Young MSM, men of color, and those with main sex partners expressed a high level of willingness to participate in couples HIV counseling and testing with a male partner in the next year. Given this willingness, it is likely feasible to scale up and evaluate CVCT interventions for US MSM.
Citation: Wagenaar BH, Christiansen-Lindquist L, Khosropour C, Salazar LF, Benbow N, Prachand N, et al. (2012) Willingness of US Men Who Have Sex with Men (MSM) to Participate in Couples HIV Voluntary Counseling and Testing (CVCT). PLoS ONE 7(8): e42953. https://doi.org/10.1371/journal.pone.0042953
Editor: Linda M. Niccolai, Yale School of Public Health, United States of America
Received: May 9, 2012; Accepted: July 16, 2012; Published: August 14, 2012
Copyright: © Wagenaar et al. This is an open-access article distributed under the terms of the Creative Commons Attribution License, which permits unrestricted use, distribution, and reproduction in any medium, provided the original author and source are credited.

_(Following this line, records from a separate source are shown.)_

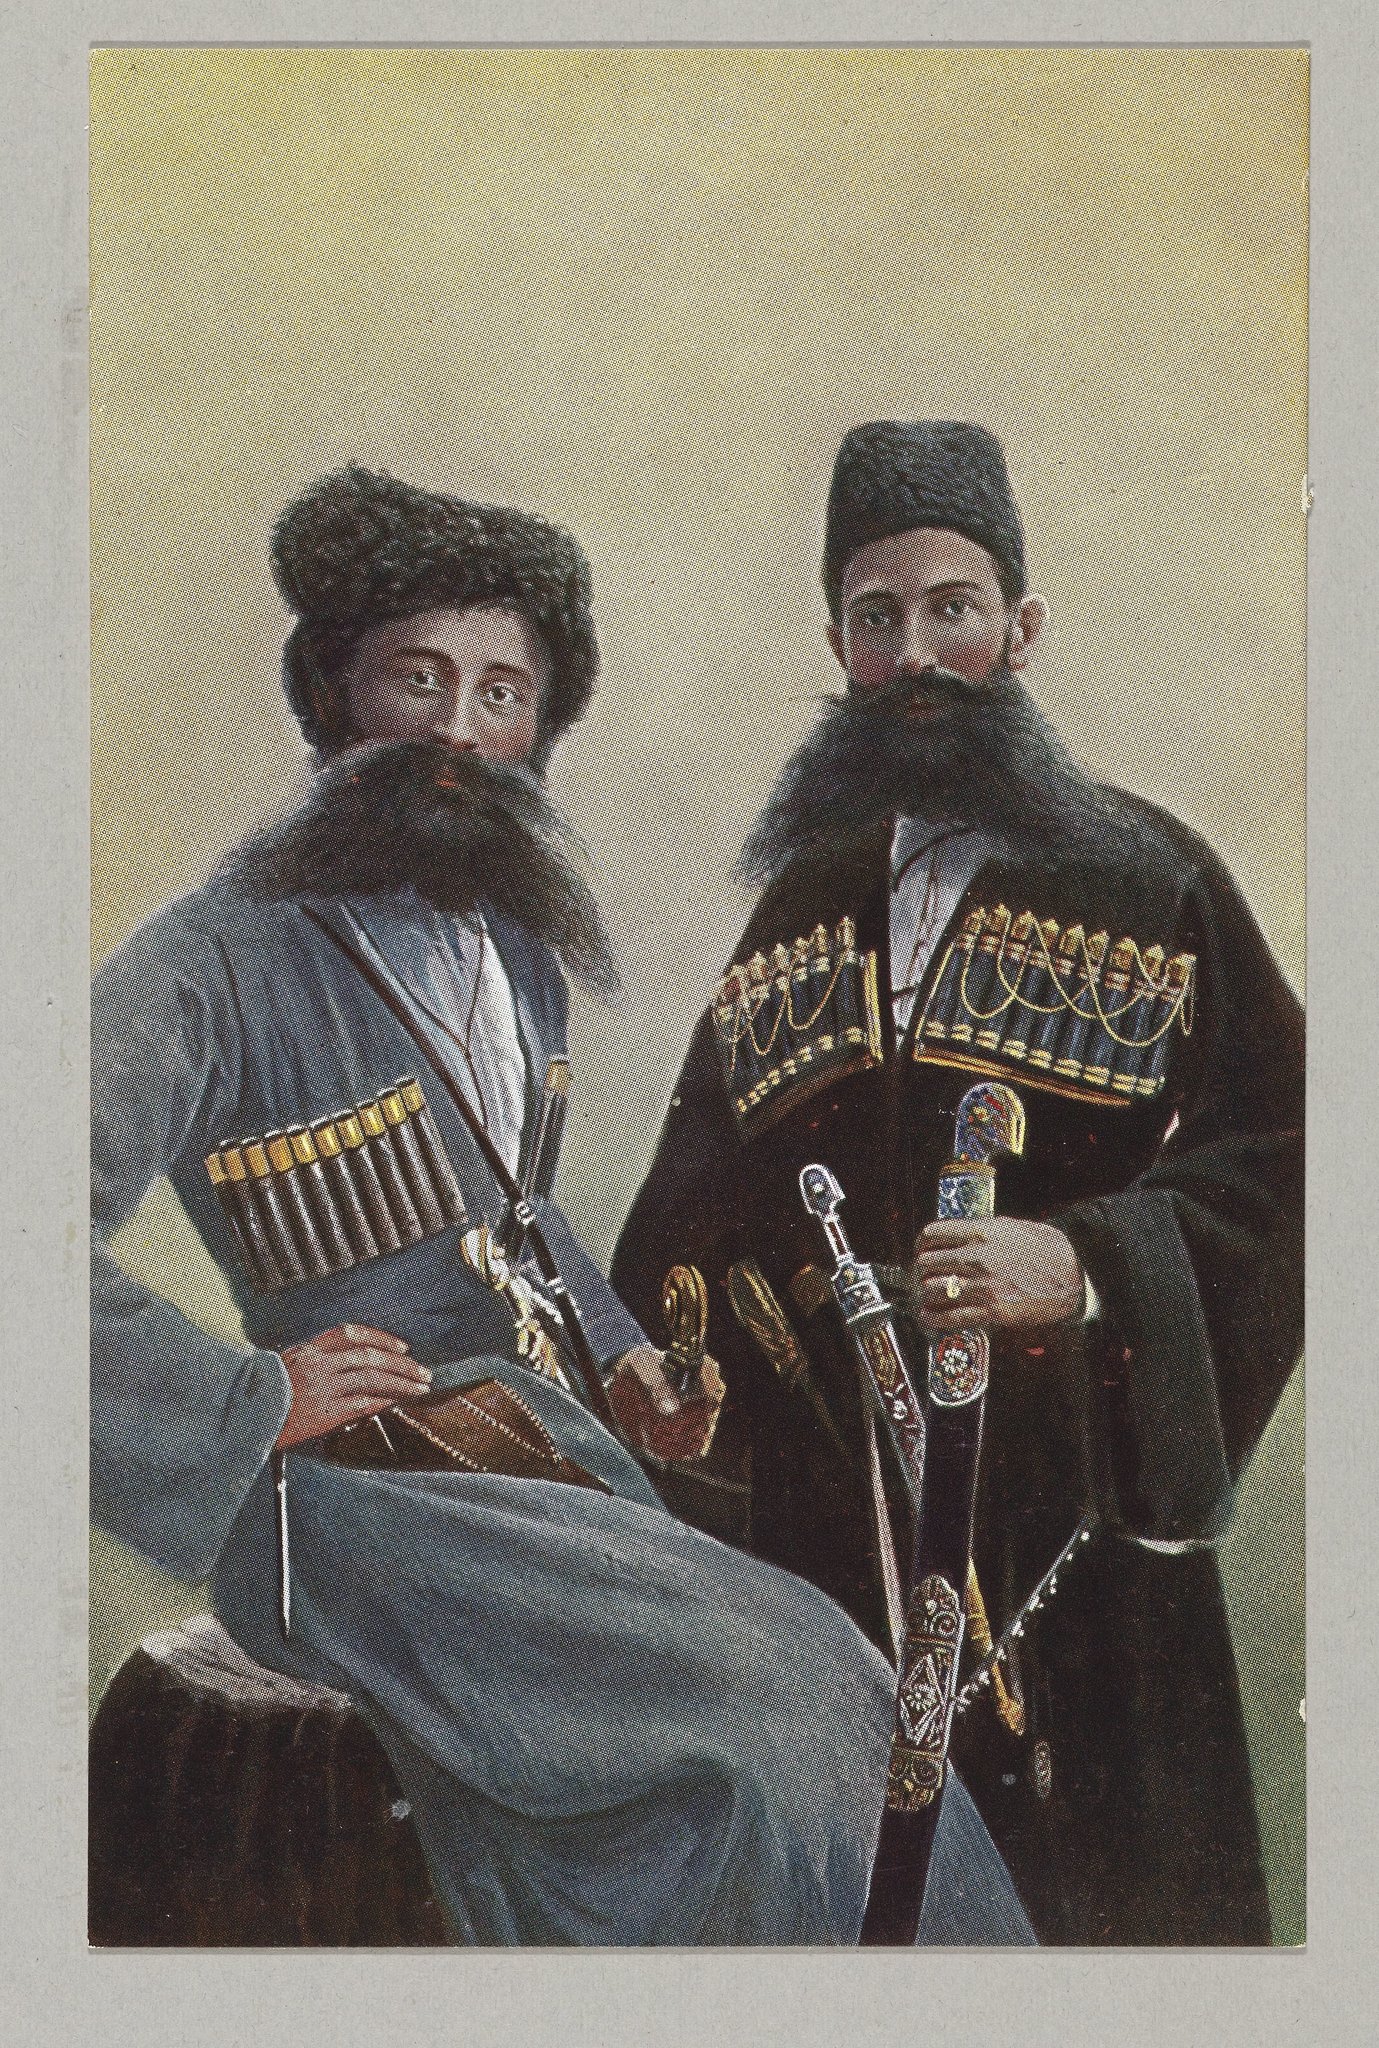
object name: photograph
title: Twee gewapende Kaukasische mannen
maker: Anonymous
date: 1895-1915
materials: cardboard, paper
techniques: autotype
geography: caucasus
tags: kaukasus
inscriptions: annotation: ‘32. Caucasiërs’
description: Een zittende en een staande man, waarvan de laatste een sabel in de hand heeft. Beide mannen hebben een baard.

Funding: This work was supported by grants from National Institute of Mental Health (R34-MH086331) the Eunice Kennedy Shriver National Institute of Child Health & Human Development (T32HD052460), the MAC AIDS Fund, and by the Emory Center for AIDS Research (P30 AI050409). The funders had no role in study design, data collection and analysis, decision to publish, or preparation of the manuscript.
Competing interests: The authors have declared that no competing interests exist.
The number of new HIV diagnoses among men who have sex with men (MSM) has increased from an estimated 19,174 in 2005 to 29,341 in 2009, with MSM accounting for approximately 61% of all new HIV diagnoses in 2009 . Despite the high proportion of HIV cases occurring among US MSM, the number of best-evidence interventions targeting MSM is low relative to their contribution to the US HIV epidemic . Thus, there is an urgent need to identify and create evidence-based interventions and prevention services that are culturally appropriate for and acceptable to MSM.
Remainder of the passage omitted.